Upon hearing AB’s request, Gabarrós contacted his neuroscientist colleagues at the university in early March 2023. He asked if they could come up with a plan to map AB’s brain before and during the procedure, which would help his surgical team spare the brain tissue AB needed to return to his passion after recovery.
Two researchers at the university, part of a group led by cognitive neuroscientist Antoni Rodríguez-Fornells, began a mad dash in the ensuing weeks to develop a chess-preserving surgical protocol that Gabarrós’s team could use for the March 27 procedure. “We had a small amount of time to prepare everything,” Rodríguez-Fornells says.
The team combed the existing scientific literature on the topic and scanned AB’s brain using functional magnetic resonance imaging (fMRI) to isolate the regions linked to his own individual chess performance. “I started checking what was in the literature to find how can we divide chess into cognitive processes that are more easy to evaluate during the surgery,” says Victor Cepero-Escribano, one of the researchers.
The most critical phase of AB’s chess brain preservation—and the one that turned out to be the most insightful—would have to wait until the surgery itself began.
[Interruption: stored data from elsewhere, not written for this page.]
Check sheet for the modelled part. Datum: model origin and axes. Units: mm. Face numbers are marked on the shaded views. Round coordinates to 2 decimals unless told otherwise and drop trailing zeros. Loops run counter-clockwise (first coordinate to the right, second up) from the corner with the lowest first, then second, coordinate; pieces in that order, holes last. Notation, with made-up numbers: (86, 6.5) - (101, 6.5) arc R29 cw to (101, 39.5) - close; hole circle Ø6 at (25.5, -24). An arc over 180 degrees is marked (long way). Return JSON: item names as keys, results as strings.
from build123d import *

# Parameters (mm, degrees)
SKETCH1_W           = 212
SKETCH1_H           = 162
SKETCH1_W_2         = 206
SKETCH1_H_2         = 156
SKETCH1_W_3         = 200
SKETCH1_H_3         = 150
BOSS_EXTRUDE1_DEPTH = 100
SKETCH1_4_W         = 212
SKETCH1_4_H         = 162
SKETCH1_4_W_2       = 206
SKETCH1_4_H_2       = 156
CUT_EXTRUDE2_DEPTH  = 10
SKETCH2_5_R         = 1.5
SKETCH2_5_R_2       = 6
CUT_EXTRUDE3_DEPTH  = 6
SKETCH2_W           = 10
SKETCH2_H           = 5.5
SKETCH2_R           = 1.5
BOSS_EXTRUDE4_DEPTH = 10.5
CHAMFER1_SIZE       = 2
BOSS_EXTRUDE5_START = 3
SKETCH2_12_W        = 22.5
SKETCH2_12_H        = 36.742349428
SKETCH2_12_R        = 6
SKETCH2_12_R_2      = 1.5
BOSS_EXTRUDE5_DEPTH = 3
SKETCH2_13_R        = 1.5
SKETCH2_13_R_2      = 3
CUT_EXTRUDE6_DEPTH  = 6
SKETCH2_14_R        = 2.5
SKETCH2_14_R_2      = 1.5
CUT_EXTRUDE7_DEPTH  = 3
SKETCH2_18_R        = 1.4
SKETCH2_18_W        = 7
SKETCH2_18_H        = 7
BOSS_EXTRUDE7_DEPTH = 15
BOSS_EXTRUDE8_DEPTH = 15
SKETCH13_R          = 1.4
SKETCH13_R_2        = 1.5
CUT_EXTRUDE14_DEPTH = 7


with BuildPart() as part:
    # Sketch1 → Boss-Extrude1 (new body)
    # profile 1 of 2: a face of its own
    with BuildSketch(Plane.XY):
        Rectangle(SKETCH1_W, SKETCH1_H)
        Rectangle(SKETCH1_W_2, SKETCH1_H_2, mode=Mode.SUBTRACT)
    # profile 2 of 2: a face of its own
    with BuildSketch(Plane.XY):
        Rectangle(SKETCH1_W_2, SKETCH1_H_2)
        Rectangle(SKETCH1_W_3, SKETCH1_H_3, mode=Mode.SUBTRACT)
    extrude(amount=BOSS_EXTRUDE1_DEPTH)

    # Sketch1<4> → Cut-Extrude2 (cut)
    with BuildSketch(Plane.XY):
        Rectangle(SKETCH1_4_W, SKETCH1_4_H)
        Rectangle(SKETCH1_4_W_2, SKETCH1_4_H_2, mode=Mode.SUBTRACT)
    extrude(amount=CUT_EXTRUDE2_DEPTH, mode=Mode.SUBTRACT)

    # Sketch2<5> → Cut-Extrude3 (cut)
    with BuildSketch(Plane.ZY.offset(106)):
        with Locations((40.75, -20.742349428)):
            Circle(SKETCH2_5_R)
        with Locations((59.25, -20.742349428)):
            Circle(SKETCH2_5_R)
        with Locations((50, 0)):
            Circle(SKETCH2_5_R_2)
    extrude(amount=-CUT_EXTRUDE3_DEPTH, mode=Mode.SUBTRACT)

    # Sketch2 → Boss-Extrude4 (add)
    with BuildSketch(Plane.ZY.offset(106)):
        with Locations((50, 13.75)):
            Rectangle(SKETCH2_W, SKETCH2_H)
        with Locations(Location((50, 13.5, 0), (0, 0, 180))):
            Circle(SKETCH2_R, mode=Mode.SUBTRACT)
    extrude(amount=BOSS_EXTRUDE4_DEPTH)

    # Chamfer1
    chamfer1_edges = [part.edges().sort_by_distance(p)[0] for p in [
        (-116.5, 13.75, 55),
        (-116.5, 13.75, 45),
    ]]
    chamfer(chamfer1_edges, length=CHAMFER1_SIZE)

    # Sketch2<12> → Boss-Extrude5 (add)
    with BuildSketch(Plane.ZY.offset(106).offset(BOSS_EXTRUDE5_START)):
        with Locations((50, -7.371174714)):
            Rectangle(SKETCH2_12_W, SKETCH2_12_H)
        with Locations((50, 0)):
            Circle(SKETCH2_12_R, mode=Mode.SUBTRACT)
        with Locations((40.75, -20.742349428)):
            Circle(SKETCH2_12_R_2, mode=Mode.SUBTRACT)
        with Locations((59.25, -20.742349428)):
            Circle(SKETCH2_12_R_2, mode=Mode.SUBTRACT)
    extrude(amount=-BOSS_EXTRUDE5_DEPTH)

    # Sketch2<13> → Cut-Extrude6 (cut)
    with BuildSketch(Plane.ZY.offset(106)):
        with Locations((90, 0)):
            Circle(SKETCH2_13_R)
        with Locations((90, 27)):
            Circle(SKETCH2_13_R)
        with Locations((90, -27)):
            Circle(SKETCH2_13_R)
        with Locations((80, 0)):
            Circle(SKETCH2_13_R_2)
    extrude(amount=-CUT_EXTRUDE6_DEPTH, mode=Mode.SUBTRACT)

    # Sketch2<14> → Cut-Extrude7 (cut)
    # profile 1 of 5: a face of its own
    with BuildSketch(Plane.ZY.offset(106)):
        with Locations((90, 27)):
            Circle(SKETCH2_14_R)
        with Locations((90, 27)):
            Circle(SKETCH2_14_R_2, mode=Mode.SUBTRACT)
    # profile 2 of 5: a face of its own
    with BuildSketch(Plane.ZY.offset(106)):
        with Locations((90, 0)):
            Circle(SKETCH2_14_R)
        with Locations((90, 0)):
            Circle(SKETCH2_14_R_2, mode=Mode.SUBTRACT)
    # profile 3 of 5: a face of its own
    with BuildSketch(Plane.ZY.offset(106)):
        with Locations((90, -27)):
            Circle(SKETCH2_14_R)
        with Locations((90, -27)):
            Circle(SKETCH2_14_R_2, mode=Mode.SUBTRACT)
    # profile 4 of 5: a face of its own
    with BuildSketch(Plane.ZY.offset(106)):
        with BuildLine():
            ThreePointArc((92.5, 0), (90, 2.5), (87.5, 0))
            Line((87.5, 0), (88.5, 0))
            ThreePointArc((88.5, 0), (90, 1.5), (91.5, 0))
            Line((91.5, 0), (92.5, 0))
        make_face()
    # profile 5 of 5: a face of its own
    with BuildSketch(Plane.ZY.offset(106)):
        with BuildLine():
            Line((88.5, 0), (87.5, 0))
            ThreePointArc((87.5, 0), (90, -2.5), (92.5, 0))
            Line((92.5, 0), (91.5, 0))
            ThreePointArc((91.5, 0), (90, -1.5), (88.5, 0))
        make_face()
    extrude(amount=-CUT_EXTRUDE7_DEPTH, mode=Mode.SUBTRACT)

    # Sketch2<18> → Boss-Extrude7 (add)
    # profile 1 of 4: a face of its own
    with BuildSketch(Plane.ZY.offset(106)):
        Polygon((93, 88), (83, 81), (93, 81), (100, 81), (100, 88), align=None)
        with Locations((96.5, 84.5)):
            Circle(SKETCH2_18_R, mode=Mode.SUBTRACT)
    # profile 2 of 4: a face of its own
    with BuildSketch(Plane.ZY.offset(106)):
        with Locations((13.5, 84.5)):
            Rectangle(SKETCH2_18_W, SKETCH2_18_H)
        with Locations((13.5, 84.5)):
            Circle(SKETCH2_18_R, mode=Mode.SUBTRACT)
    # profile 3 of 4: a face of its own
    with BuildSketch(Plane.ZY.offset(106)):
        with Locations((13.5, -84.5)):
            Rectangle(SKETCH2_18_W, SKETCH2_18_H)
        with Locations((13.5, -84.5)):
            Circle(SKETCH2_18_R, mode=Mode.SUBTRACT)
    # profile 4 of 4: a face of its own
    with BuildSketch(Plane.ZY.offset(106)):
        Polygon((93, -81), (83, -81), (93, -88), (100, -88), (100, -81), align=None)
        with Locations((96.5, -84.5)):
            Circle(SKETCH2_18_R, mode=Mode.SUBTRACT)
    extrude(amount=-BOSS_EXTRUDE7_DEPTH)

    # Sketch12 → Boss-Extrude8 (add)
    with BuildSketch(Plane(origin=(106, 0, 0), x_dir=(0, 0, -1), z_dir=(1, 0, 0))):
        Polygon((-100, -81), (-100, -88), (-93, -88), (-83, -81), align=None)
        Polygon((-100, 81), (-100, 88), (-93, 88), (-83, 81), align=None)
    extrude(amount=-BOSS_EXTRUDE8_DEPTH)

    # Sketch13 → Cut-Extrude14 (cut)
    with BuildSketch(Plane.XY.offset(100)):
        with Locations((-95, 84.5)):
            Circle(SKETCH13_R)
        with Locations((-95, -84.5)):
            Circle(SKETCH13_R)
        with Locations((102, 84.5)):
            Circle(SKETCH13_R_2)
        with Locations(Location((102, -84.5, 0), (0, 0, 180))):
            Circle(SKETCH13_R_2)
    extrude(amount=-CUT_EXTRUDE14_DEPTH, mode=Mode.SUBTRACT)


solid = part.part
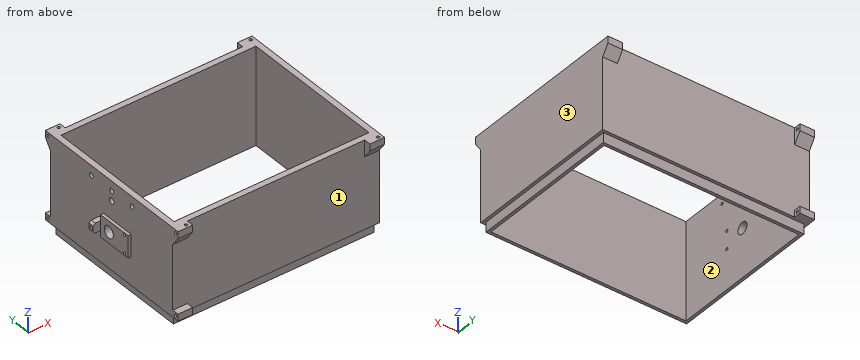
Q1. Draft check along X on the marked faces 1, 2 and 3. Enter one of: released by +X, released by -X, zero draft, split by the parting line, or undercut.
Answer key:
{"face 1": "undercut", "face 2": "undercut", "face 3": "released by +X"}
Q2. Sectioned sample at A-A (y = 48). Enter the section's corners in (x, z), plus the area to 3 significant figures.
Answer key:
{"outline": "(-106, 10) - (-103, 10) - (-103, 0) - (-100, 0) - (-100, 100) - (-106, 100) - close; (100, 0) - (103, 0) - (103, 10) - (106, 10) - (106, 100) - (100, 100) - close", "area": "1,140 mm²"}
Q3. Depth check by flat-ended pin: P1, Ø3, axis at x = -21, z = 15, coming from the +Y side; P2, Ø3.5, axis at y = 13.5, z = 50, coming from the -X side; P3, Ø5, axis at x = 4.5, z = 2.5, coming from the -Y side; P4, Ø0.8, axis at x = -94.5, y = 84, coming from the +Z side. Enter the tip coordinate at first touch or a pass-through.
Answer key:
{"P1": "stops at y = 81", "P2": "stops at x = -116.5", "P3": "stops at y = -78", "P4": "stops at z = 93"}
Q4. Scan lines: probe 1 along Z at (x, y) = (-102, -84.5); probe 2 along Y at (x, z) = (-95, 94); probe 3 along X at (y, z) = (84.5, 95.65). Record each from-to range of solid material in increasing order. Write a range as [from, to].
Answer key:
{"probe 1": "z = [10, 12.1], [14.9, 17], [88, 95.1], [97.9, 100]", "probe 2": "y = [-88, -85.9], [-83.1, -75], [75, 83.1], [85.9, 88]", "probe 3": "x = [91, 100.5], [103.5, 106]"}
Q5. Sectioned sample at B-B (z = 80). Enter the section's corners in (x, y).
Answer key:
{"outline": "(-106, -81) - (106, -81) - (106, 81) - (-106, 81) - (-106, 3) - (-100, 3) - (-100, 75) - (100, 75) - (100, -75) - (-100, -75) - (-100, -3) - (-106, -3) - close"}

Surgeons performed a craniotomy, removing a piece of skull to expose a portion of AB’s left superior parietal lobe while he was awake. Next, they touched a live electrode to different spots on the surface of his cerebral cortex, asking him to answer questions and complete tasks in order to determine whether his cognitive abilities remained intact at the targeted spot, where the current shuts down or triggers a particular action.